Great! I'm glad to hear they should get along. 
I was planning on 4 ADF. And 4 Cories. 
I'm totally willing to get a few more if you think my tank could handle it. 

This is what I was thinking - let me know your thoughts: 
4 julii cory
4 ADF
2 nerites
1 betta

picture of tank setup included - the plants are still pretty new and growing. 

I'm definitely up for buying online if you have a good source!


----------



## RussellTheShihTzu (Mar 19, 2013)

Very nice set-up!!!

I would get two more Julii for the minimum. If you have plenty of algae two Nerites would work but remember they're very finicky eaters; also great escape artists even when parameters are perfect. Make sure every tiny little opening is completely sealed. The six ADF are great in the 10 gallon; they don't have much of a bioload. I feed them HBH Frog and Tadpole Bites, frozen bloodworms and Tetra ReptoTreat Delica bloodworms.

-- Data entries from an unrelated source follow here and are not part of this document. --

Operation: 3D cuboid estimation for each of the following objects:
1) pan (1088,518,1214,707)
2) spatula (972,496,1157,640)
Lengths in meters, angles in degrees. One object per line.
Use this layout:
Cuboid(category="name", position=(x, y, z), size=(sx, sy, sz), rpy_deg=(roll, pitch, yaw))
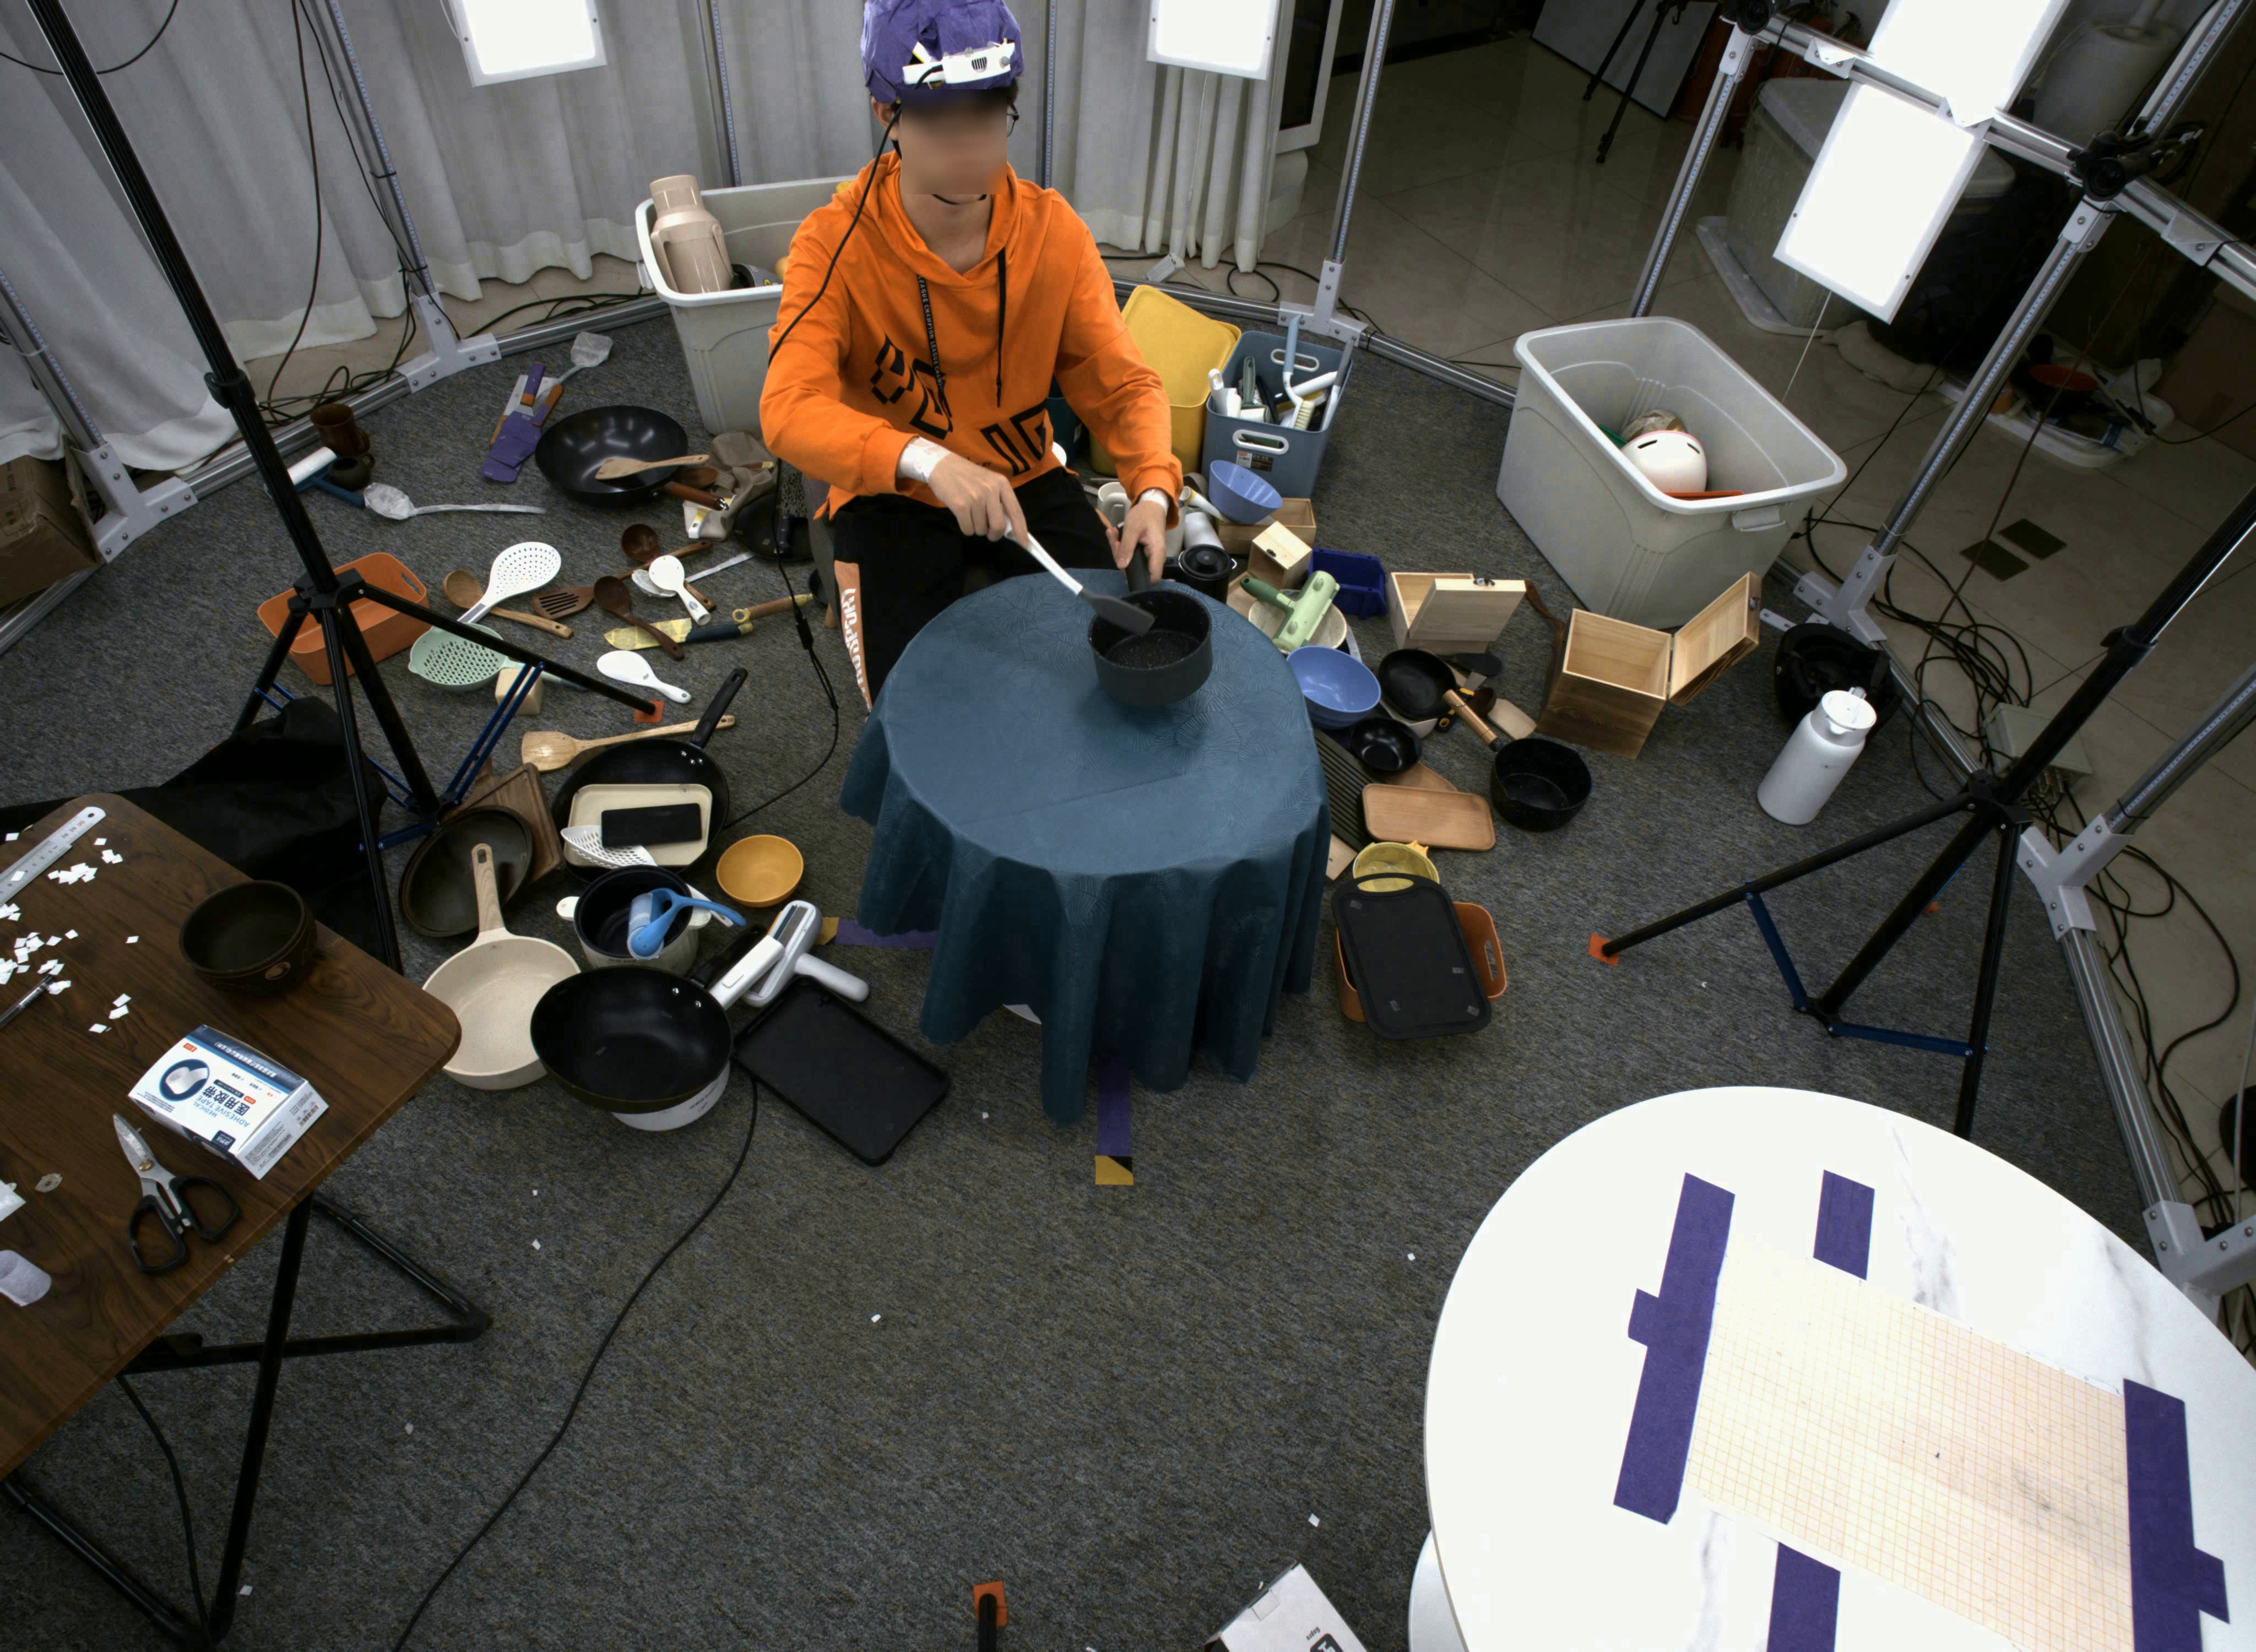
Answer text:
Cuboid(category="pan", position=(0.027, -0.307, 1.832), size=(0.172, 0.084, 0.337), rpy_deg=(-7, 48, 1))
Cuboid(category="spatula", position=(-0.086, -0.344, 1.741), size=(0.287, 0.058, 0.033), rpy_deg=(37, 55, -3))

Have bought all my ADF from 
2 African Dwarf Frogs Live Freshwater Fish | eBay

Send a PM and I'll give you his email address. I believe additional ADF were around $4.50. SebastiansMom bought her ADF from Sam, too. And, he has a variety of Nerites ... all of mine came from him as well.  Oh, and he ships for one price.

fishonlinerus | eBay


----------



## SabastiansMom (Jul 25, 2014)

Love my ADFs they are fantastic and very healthy! I want to add some corys to my ten gallon too.


----------